The book has two main shortcomings, both concerning methodology. First is the author’s sometimes anecdotal style: data and examples of clemency practice from different jurisdictions are sporadically used to illustrate the author’s arguments, rather than being collected and analyzed in a systematic way, despite Novak’s early assurance that his book “explores the practice of clemency and not the theory” (p. 3). Even if a jurisdiction under study possesses the world’s most detailed constitutional mercy scheme, the clemency power becomes meaningless if petitions are never, or almost never, entertained by the executive. Without data on clemency practice and without empirical or socio-legal analysis, the reader has no way of knowing whether clemency is a power exercisable only “on the books”. In death penalty cases, Singapore, Texas, and Florida form prominent examples: successful death penalty clemency appeals are so rare, that in the words of one late Singaporean criminal defence lawyer, petitioning was invariably a “waste of time”.Footnote 13 Admittedly, Novak does provide some examples of data on clemency “rates” in the Introduction (USA), Chapter 2 (UK, former British colonies in Africa), Chapter 6 (South Carolina), and Chapter 7 (India, USA), but these serve mainly illustrative purposes.
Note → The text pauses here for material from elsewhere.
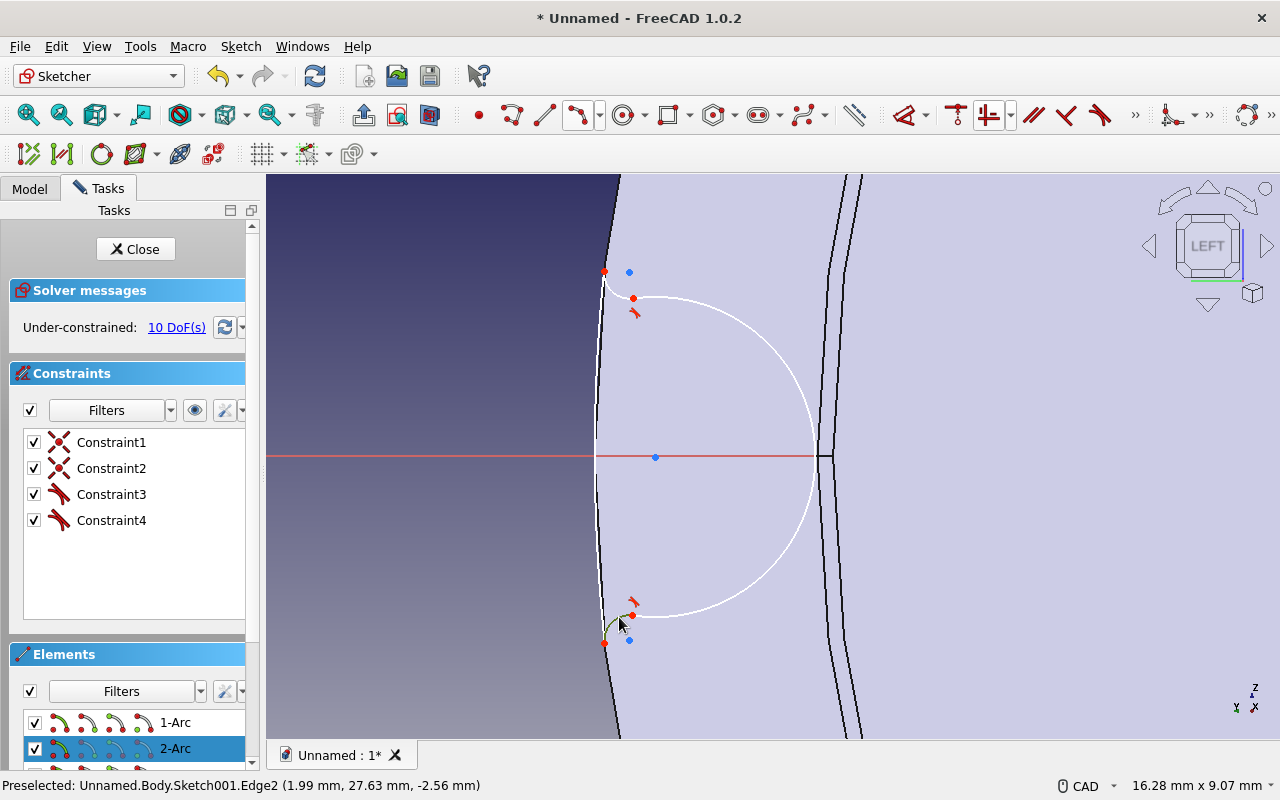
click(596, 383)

This calls into question the author’s ambition in his project design: the greater the number of jurisdictions compared (with reference to more than 110 jurisdictions in the index)Footnote 14 , the less that can be known about each, beyond a doctrinal comparison of law “on the books”. Systematically-collected statistical data would provide evidence for the author’s (probably correct) assertions that “an executive clemency decision, outside of public view, allows a harsh sentence to be modified after the fact without undermining any deterrence impact of the original sentence” (pp. 1–2) and that “the degree to which the pardon authority is aligned to the other powers of state, including law enforcement and prosecution, may be determinative of the frequency of clemency grants” (p. 139).
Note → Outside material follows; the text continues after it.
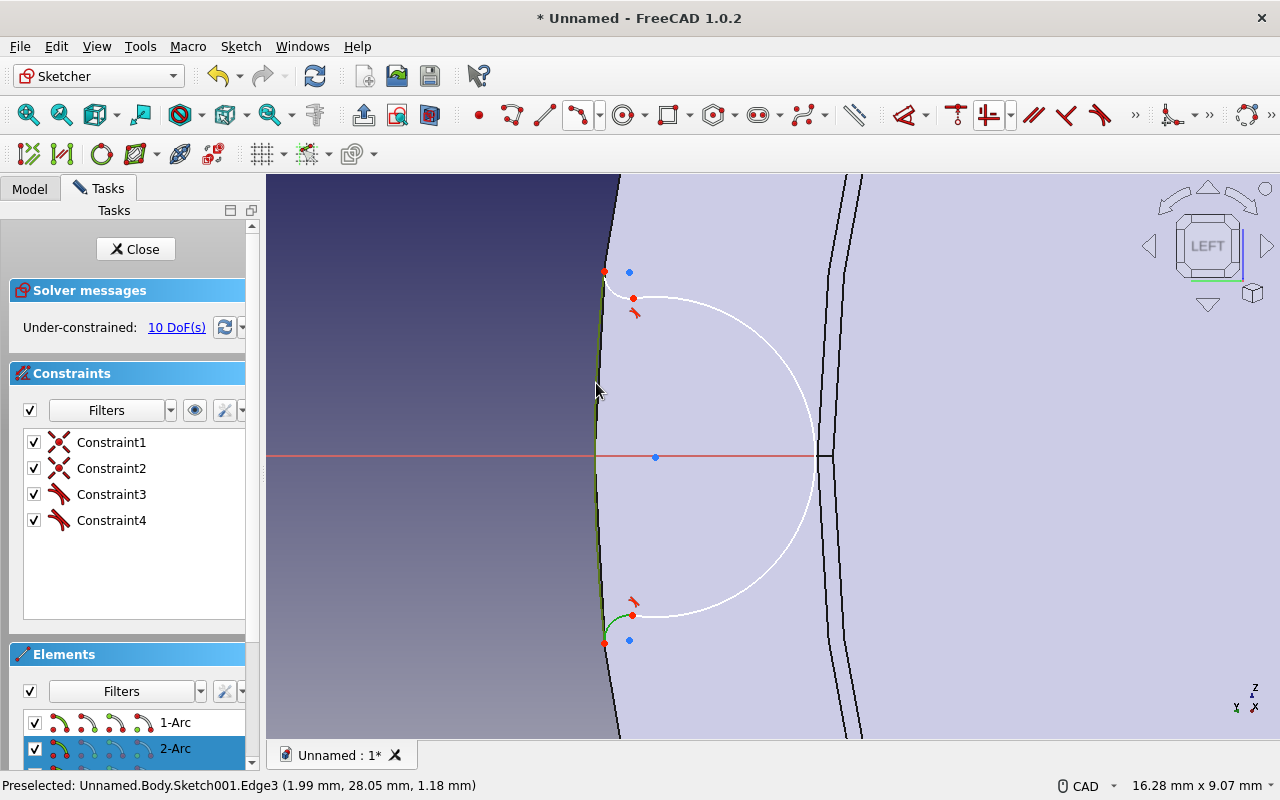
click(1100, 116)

Similarly, using elite interview data in Chapter 6 (Mercy Committees) would also enable the reader to draw firmer conclusions about how clemency decisions are made around the table: whose voice, or which documents, prove the most influential, and whether or not a singular chief executive usually pays heed to advisory opinions.
Second, while the author ably outlines the similarities and differences of common law clemency laws and procedures, the reader is prompted to ask: “why the variance?”. All nations evince differences in their constitutional and legislative arrangements, but what builds on describing similarities and differences is averring to the reasons for those similarities and differences: the historical, cultural, structural, and political roots of varianceFootnote 15 – explanations too often ignored by comparative law scholars.Footnote 16 It is a shame the author holds back in this regard, although again the enormity of the project may be the reason: there is only so much comparative explanation that a compact volume can accommodate. Nevertheless, Novak’s work prompts plenty of questions and avenues for further clemency research, particularly on the empirical side. And perhaps that is the point: not to end the conversation on comparative executive clemency, but to restart it again after Sebba.